Data for the task: Begin

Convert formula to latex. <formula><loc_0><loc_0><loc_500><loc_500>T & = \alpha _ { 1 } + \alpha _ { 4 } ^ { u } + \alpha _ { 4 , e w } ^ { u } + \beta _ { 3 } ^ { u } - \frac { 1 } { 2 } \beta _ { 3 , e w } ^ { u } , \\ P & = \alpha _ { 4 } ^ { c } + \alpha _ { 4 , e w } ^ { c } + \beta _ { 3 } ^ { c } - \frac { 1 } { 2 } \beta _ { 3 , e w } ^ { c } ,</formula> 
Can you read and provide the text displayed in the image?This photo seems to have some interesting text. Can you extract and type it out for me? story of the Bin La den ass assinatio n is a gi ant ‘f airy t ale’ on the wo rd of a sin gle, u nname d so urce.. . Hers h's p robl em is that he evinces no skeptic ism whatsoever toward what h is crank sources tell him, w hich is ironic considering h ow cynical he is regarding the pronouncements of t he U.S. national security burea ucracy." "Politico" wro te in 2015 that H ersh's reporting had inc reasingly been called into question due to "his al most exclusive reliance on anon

Data for the task: End
Data for the task: Begin

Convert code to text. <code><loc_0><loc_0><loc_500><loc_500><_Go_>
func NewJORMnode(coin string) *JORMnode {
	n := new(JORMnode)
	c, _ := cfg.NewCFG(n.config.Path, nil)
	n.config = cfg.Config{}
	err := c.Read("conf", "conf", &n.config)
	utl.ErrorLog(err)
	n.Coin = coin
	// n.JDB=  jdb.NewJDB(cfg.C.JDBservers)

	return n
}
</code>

Data for the task: End

**What you are asked to do**
Pull out each line of the entries that contains "text".

**Task output**
Can you read and provide the text displayed in the image?This photo seems to have some interesting text. Can you extract and type it out for me? story of the Bin La den ass assinatio n is a gi ant ‘f airy t ale’ on the wo rd of a sin gle, u nname d so urce.. . Hers h's p robl em is that he evinces no skeptic ism whatsoever toward what h is crank sources tell him, w hich is ironic considering h ow cynical he is regarding the pronouncements of t he U.S. national security burea ucracy." "Politico" wro te in 2015 that H ersh's reporting had inc reasingly been called into question due to "his al most exclusive reliance on anon
Convert code to text. <code><loc_0><loc_0><loc_500><loc_500><_Go_>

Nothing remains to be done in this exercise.